Con una gorra de color rosa, a medida plaza de Armas, Rebeca de 8 años llama la atención de los peatones. “Mira lo que hizo”, dice una niña que va agarrada de la mano de su mamá cuando la ve hacer “el Boomerang”, una suerte popular en los niños de los noventas.
Su padre celebra con orgullo sus trucos
Su papá, Roland Rivera, la observa orgulloso y la graba con su celular. La menor hasta se motiva más, baila el trompo fosforescente sobre el suelo y con la cuerda hace el “cohete”, el trompo cae en su mano y sigue bailando. Le salió perfecto la suerte a la niña.
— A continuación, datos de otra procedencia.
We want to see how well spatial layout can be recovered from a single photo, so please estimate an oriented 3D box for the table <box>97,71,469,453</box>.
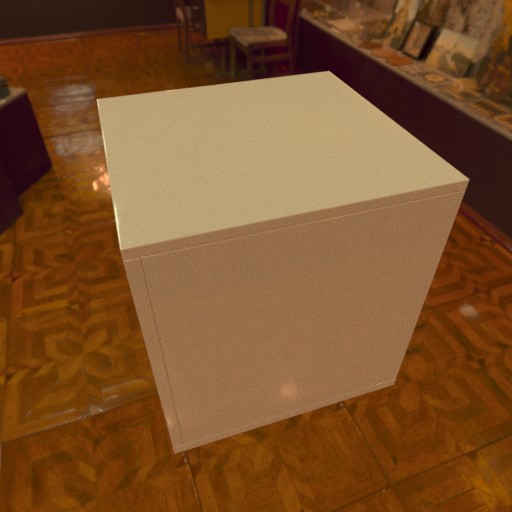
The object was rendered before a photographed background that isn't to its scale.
[{"bbox_3d":[0.000,0.000,0.792,0.420,0.470,0.400,-12,43,-14],"label":"table"}]
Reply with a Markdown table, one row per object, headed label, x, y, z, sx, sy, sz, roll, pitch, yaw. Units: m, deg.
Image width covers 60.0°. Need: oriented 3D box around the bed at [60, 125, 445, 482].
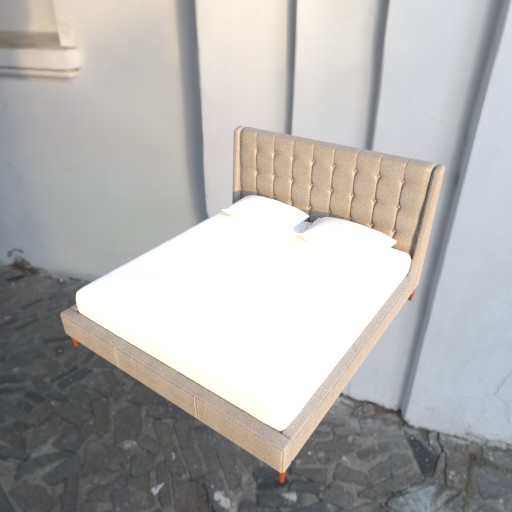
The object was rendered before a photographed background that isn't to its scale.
| label | x | y | z | sx | sy | sz | roll | pitch | yaw |
| --- | --- | --- | --- | --- | --- | --- | --- | --- | --- |
| bed | 0.000 | 0.000 | 3.554 | 2.062 | 1.289 | 2.342 | 20 | 37 | 30 |
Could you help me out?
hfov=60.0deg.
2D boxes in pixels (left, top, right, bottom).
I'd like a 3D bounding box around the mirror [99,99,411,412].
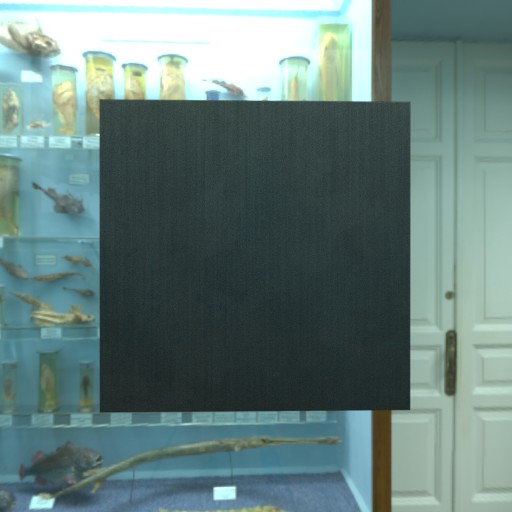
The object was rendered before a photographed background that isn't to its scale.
[{"bbox_3d":[0.000,0.000,0.552,0.382,0.381,0.020,0,0,-1],"label":"mirror"}]
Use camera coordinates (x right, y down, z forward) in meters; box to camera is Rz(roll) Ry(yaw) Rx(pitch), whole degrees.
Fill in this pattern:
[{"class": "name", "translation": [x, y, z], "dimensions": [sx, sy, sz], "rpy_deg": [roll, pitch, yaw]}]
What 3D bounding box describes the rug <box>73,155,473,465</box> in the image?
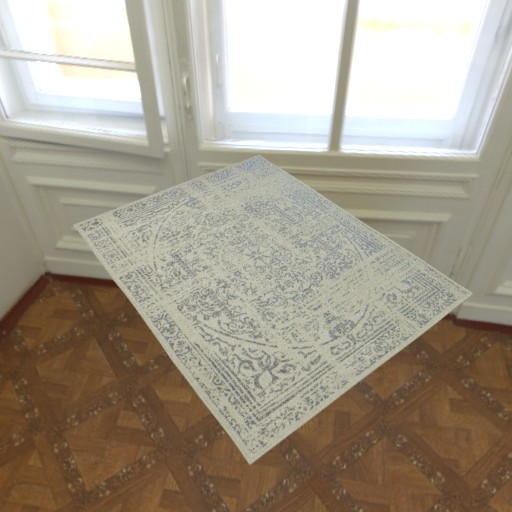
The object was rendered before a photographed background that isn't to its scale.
[{"class": "rug", "translation": [0.000, 0.000, 4.003], "dimensions": [2.311, 0.032, 2.921], "rpy_deg": [-27, 48, -27]}]
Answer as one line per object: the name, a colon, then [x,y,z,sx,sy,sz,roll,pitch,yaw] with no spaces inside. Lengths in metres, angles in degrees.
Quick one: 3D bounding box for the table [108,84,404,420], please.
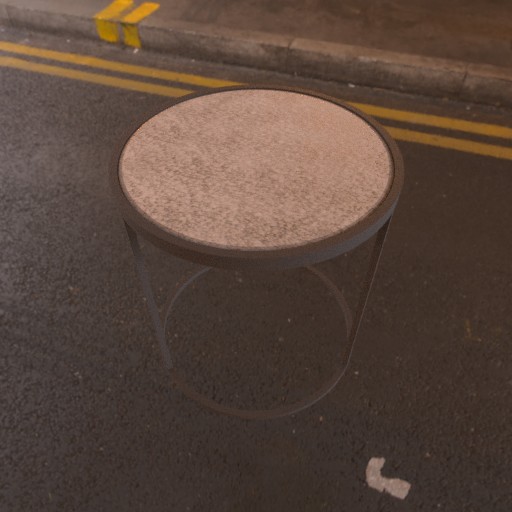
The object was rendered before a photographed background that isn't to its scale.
table: [0.000,0.000,0.902,0.470,0.498,0.470,0,47,0]
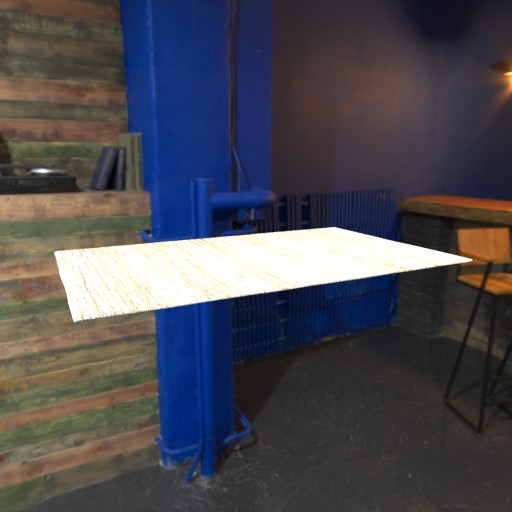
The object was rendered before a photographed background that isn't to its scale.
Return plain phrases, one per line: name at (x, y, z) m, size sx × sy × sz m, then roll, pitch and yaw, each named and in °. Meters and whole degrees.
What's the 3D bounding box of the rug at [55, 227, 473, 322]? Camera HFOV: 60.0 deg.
rug at (0.000, 0.000, 3.016) m, size 2.446 × 0.009 × 1.529 m, roll -6°, pitch 14°, yaw -26°
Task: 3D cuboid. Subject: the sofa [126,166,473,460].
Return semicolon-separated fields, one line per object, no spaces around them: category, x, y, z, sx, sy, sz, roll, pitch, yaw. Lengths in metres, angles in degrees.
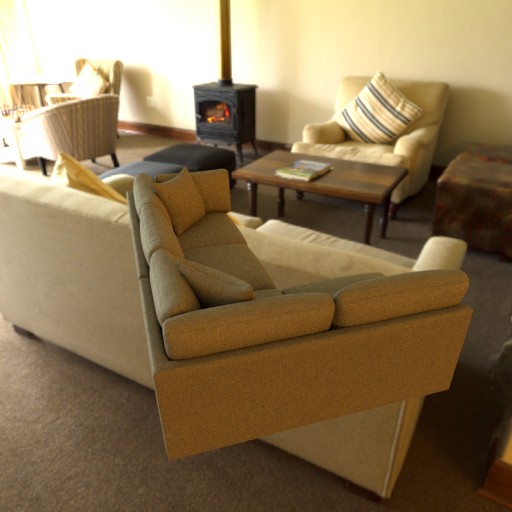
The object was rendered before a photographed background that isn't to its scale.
sofa;0.000;0.000;3.820;1.994;0.978;2.896;-8;29;-15
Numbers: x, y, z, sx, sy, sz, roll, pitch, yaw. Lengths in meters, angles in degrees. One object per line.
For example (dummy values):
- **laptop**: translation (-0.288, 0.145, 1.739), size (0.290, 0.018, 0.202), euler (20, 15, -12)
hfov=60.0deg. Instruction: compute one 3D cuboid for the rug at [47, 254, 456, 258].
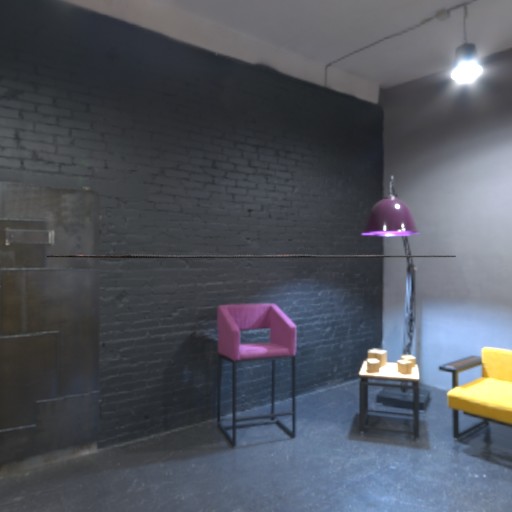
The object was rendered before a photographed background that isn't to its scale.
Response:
- **rug**: translation (0.000, 0.000, 2.354), size (1.820, 0.012, 1.207), euler (0, 0, -36)
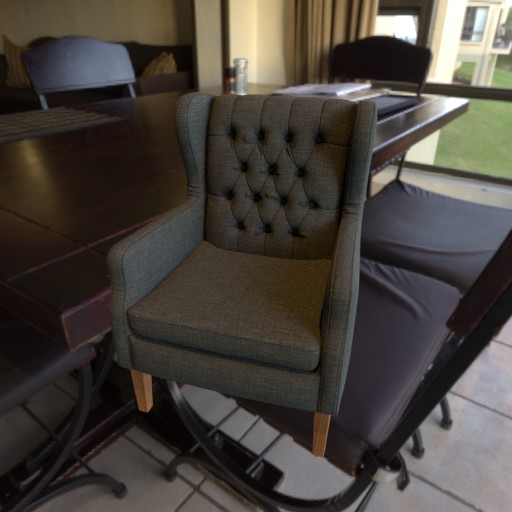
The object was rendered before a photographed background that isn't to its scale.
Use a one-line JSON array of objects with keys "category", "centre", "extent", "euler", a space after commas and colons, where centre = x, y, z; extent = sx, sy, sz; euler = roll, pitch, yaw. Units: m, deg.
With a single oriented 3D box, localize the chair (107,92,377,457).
[{"category": "chair", "centre": [0.000, 0.000, 1.489], "extent": [0.711, 0.953, 0.775], "euler": [8, 30, 15]}]
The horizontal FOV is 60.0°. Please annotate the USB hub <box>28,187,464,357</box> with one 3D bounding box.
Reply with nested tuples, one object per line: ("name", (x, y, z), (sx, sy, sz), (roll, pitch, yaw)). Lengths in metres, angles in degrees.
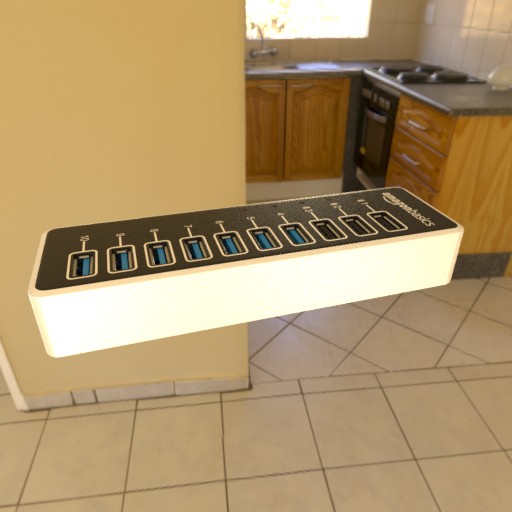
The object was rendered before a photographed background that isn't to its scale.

Su padre cuenta que es una forma en la que la menor que estudia el tercer grado de primaria, se mantiene lejos de los videojuegos y del celular, algo que es muy común entre los estudiantes de esa edad, pero que algunos padres utilizan como si fuera una niñera virtual.
Rebeca tiene ya 8 años, aprendió a bailar el trompo a los 7 y cada vez más perfecciona sus habilidades, tal como lo hacían los niños de los noventas y los ochentas cada temporada de verano, que se veían en las plazas, en las calles y en zonas donde se reunían a jugar.